Using the entries that follow, collect the lines where the word "value" appears.

Materials provided:
§

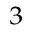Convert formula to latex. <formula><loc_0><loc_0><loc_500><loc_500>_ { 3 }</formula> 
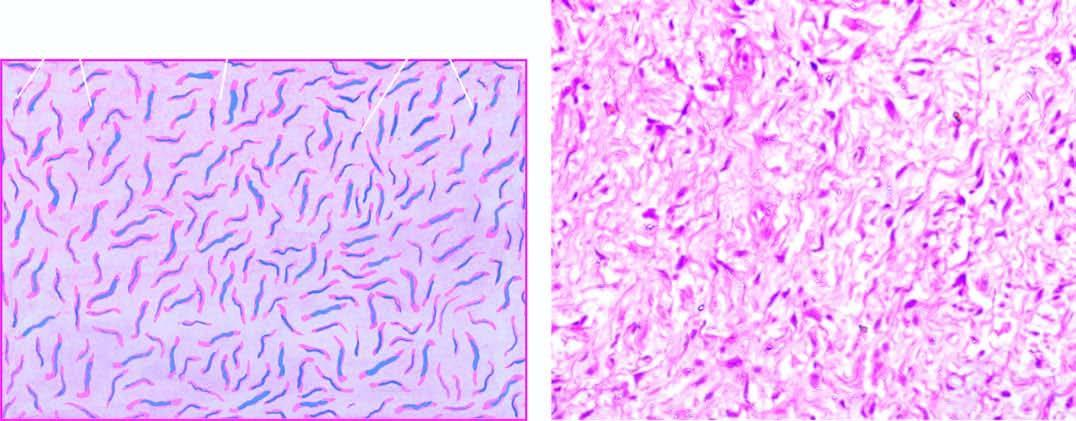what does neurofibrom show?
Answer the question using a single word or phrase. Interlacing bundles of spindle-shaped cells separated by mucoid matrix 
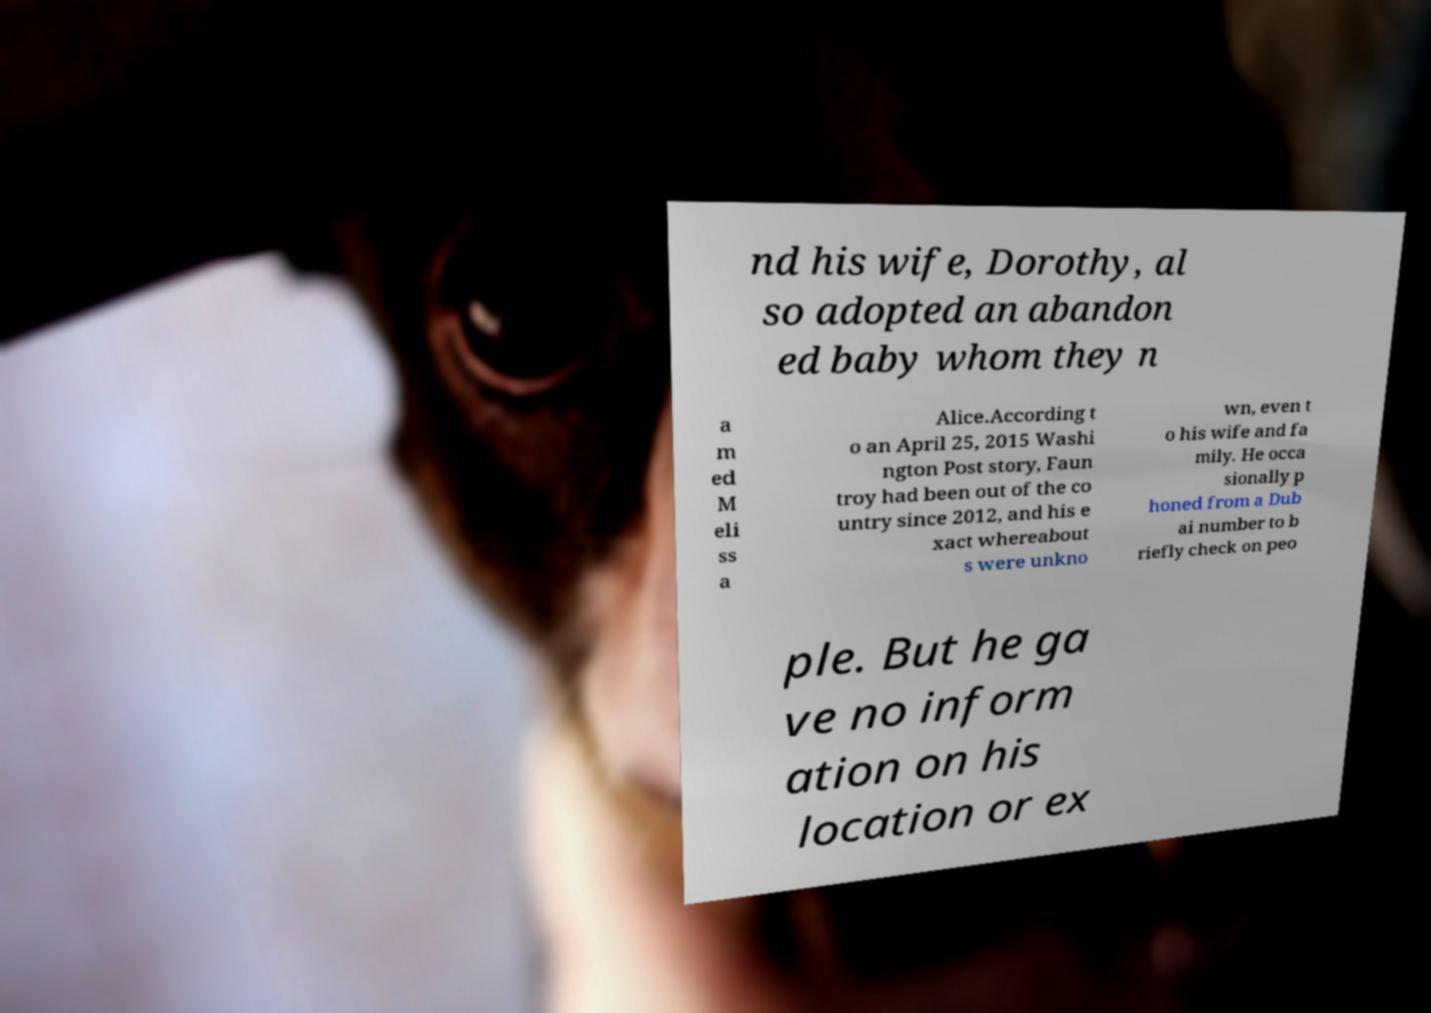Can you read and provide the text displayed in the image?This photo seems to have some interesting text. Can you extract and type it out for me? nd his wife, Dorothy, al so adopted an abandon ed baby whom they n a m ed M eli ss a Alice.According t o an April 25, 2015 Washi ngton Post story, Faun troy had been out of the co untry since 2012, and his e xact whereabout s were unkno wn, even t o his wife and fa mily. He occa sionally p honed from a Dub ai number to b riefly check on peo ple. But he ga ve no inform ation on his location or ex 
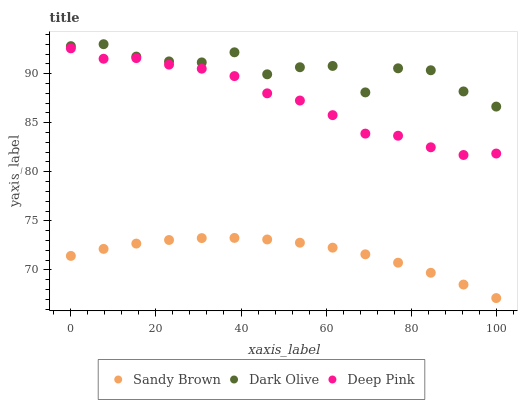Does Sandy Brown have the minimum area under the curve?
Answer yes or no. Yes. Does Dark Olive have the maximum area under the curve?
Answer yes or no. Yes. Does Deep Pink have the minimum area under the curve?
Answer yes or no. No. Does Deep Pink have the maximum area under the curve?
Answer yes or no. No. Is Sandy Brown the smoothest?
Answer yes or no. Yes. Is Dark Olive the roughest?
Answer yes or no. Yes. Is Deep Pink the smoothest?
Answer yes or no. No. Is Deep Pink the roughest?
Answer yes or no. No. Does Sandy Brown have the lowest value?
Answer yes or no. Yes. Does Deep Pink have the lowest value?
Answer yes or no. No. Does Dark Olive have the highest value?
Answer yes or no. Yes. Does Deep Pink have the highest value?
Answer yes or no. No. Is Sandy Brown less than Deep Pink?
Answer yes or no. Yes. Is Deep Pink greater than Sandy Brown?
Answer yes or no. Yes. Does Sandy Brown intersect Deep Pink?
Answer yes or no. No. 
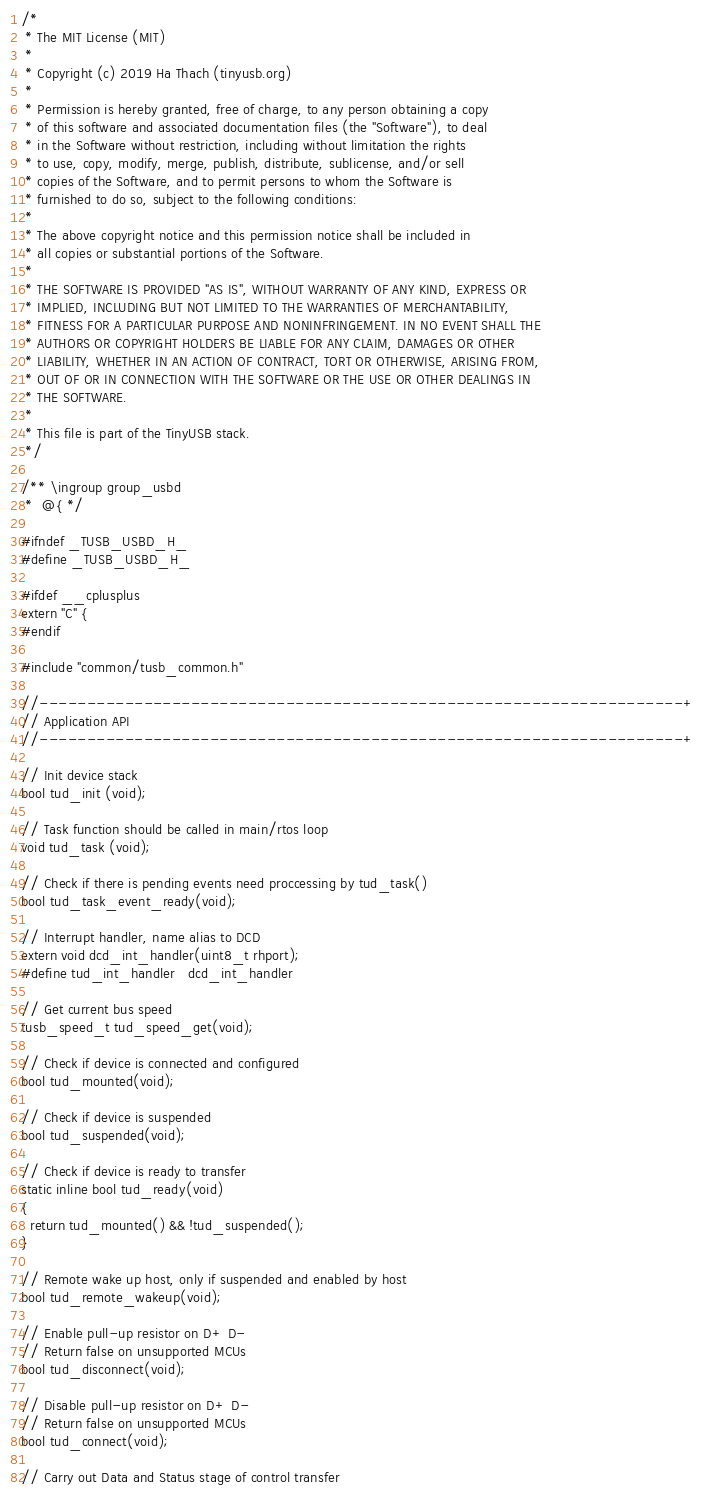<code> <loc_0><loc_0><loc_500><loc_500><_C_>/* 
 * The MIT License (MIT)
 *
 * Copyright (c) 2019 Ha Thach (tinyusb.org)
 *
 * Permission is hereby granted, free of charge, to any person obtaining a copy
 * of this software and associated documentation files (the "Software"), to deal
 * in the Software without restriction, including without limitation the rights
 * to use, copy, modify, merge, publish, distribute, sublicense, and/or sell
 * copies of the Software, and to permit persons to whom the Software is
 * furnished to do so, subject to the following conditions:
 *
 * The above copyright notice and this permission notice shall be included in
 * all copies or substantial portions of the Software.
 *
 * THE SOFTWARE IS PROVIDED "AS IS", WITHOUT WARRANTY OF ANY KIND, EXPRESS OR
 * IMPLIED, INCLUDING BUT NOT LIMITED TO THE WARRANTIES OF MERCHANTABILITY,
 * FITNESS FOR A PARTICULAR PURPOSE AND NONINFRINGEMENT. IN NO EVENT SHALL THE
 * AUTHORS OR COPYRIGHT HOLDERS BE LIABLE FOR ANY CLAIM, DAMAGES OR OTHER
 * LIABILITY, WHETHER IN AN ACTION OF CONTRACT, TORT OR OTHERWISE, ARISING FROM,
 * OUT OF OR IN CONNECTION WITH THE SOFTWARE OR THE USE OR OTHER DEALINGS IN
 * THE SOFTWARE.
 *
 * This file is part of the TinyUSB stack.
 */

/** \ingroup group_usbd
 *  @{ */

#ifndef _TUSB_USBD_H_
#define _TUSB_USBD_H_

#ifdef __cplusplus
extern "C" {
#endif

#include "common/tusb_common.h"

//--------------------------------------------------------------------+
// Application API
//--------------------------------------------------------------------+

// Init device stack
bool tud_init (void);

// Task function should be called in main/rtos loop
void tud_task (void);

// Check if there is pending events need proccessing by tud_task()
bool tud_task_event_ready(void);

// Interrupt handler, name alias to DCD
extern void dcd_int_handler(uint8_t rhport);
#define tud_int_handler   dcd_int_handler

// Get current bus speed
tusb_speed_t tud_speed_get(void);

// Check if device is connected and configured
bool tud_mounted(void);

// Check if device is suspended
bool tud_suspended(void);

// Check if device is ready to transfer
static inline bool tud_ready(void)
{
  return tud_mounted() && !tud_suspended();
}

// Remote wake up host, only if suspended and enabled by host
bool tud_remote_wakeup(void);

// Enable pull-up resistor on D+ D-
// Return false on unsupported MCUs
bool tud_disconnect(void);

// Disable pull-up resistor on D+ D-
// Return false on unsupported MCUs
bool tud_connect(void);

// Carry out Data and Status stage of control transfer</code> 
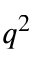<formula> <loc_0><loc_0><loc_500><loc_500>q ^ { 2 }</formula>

§

Solution:
Answer yes or no. No. Does Sandy Brown have the lowest value?
Answer yes or no. Yes. Does Deep Pink have the lowest value?
Answer yes or no. No. Does Dark Olive have the highest value?
Answer yes or no. Yes. Does Deep Pink have the highest value?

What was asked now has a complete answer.